И, выполнив этот долг чести (а как по мне – долг памяти), снова закапывает себя…
А потом они заговорили. И тут уже я знаю, что на крючке.
«В Киев не ходи. Забудь Наташу», – произносит голос феи из спектакля, предстающей в образе вагоновожатого с какого-то глухого российского полустанка.
Фея, или ангел-хранитель, пытается оградить героя от того, от чего оградить никак нельзя – от самого себя. И автор, зная это как никто лучше, продолжает вести своих персонажей туда, откуда нет возврата.
«Где черта, отделяющая любовь от ненависти? А может быть, они – одно?» – размышляет герой за минуту до того, как…
«Ладно, подключу я тебя к жизни еще раз. Горько тебе будет, плакать будешь… Поживи еще», – говорит фея, теперь уже настоящая, с крохотными крылышками фея, неожиданно спускающаяся по маленькой лесенке с небес и продлевающая действие.
И тут я вспоминаю свое любимое из Волошина: «В нем радостная грусть, в нем сладкий страх разлуки».
Габриадзе, написавший в свое время сценарии к лучшим фильмам советского кинематографа, выкапывает из меня эти две строки русского поэта и многое, многое другое.
Воскресное утро началось со звона маленьких колокольчиков и пения. Звук голосов приближается.
Оказалось, это процессия католиков, идущих к мессе. Священник проповедует на русском, чему я очень рад, так как впервые понимаю слова службы.
«Бог призовет тебя, но он не скажет „Раб мой“. Он скажет „Друг мой“. Раб – это тот, кто безмолвно и покорно следует за хозяином. Нет, ты, идущий за ним, не раб ему, а друг!»
Стоящие у храма, на противоположной стороне улицы и даже по краям проезжей части, – все до единого опускаются на колени.
Машины тормозят и, вопреки обыкновению, никто не гудит в клаксон. Даже самый беспардонный и крикливый грузинский водитель ни за что не станет мешать божьему промыслу.
«В этом дворе – вся история Грузии», – говорит хозяйка.
Кетино рассказывает, что в 37-м году к ним пришел какой-то большевик с ружьем и сказал, что будет теперь жить в их доме.
Она не идеально говорит по-русски, и «большевик с ружьем», возможно, был НКВДистом с пистолетом.
К тому времени у семьи Орбелиани уже отняли все – дома, замки, виноградники.
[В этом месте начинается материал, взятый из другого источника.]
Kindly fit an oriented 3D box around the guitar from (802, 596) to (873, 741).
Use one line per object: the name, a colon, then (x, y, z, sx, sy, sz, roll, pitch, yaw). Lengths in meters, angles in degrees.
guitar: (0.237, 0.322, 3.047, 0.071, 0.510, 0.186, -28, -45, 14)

А теперь еще этот «большевик с ружьем», решивший стать их соседом.
Половина дома, оставшаяся их семье, выходит окнами на улицу Абашидзе, названную в честь известного литературного критика и дедушки Кетино. Окна с другой стороны – смотрят на улицу Джавахишвили, названную в честь знаменитого историка, профиль которого изображен на банкноте номиналом 5 лари. В том крыле живут родственники этого самого Джавахишвили, а в пристройках во дворе – потомки НКВДиста, обосновавшегося там не благодаря гостеприимству хозяев, а вопреки их воле.
После долгих объяснений я, наконец, начинаю понимать, кто кому родственник в этом дворе.
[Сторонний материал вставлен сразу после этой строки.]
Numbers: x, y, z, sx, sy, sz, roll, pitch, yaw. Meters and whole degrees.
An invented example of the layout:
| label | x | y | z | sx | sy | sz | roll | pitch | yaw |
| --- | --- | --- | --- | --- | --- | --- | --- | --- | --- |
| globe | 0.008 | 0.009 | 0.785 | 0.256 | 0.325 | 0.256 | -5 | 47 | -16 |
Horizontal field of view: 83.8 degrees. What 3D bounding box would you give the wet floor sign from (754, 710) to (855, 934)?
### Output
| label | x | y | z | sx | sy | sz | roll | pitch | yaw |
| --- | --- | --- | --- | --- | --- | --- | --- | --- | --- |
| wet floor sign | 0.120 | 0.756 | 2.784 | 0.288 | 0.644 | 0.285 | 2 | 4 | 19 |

Следующим утром, перед завтраком, хозяйка сказала: «Я не знаю, как в Украине, а у нас принято, чтобы все вместе садились за стол – и гости, и хозяева, и князья, и прислуга… У вас ведь тоже так?»
Я сцепил зубы и часто-часто закивал. Мне почему-то стало очень грустно.
Я вспомнил о собственных родственниках, расстрелянных большевиками, и рассказал Кетино («ай, мурашки по рукам» – задрожала хозяйка) историю тетки Татьяны, вернувшейся домой после двадцати лет лагерей.
Поселившись в загородном доме, эта женщина, от страха перед новыми незнакомыми гостями, окружила себя шестью громадными немецкими овчарками, старшего из которых звали Урсом.
Я вспомнил ее дом, в котором часто гостил летом. Он, как и дом Кетино, был полон фотографий и портретов. Но, в отличие от содержащегося в относительном (а как для Грузии – в абсолютном) порядке особняка Кетино, тот дом был захламлен и запылен до невозможности.
Жутковатый, вообще-то, был дом. А у тетки – сорванный, клокочущий, как у ворона, голос, и понять то, что она говорила, мог только ее верный Урс… Голос она потеряла в тот день, когда получила сообщение о своем освобождении в связи с хрущевской амнистией.
Поговорив о родственниках, мы переходим к чаю.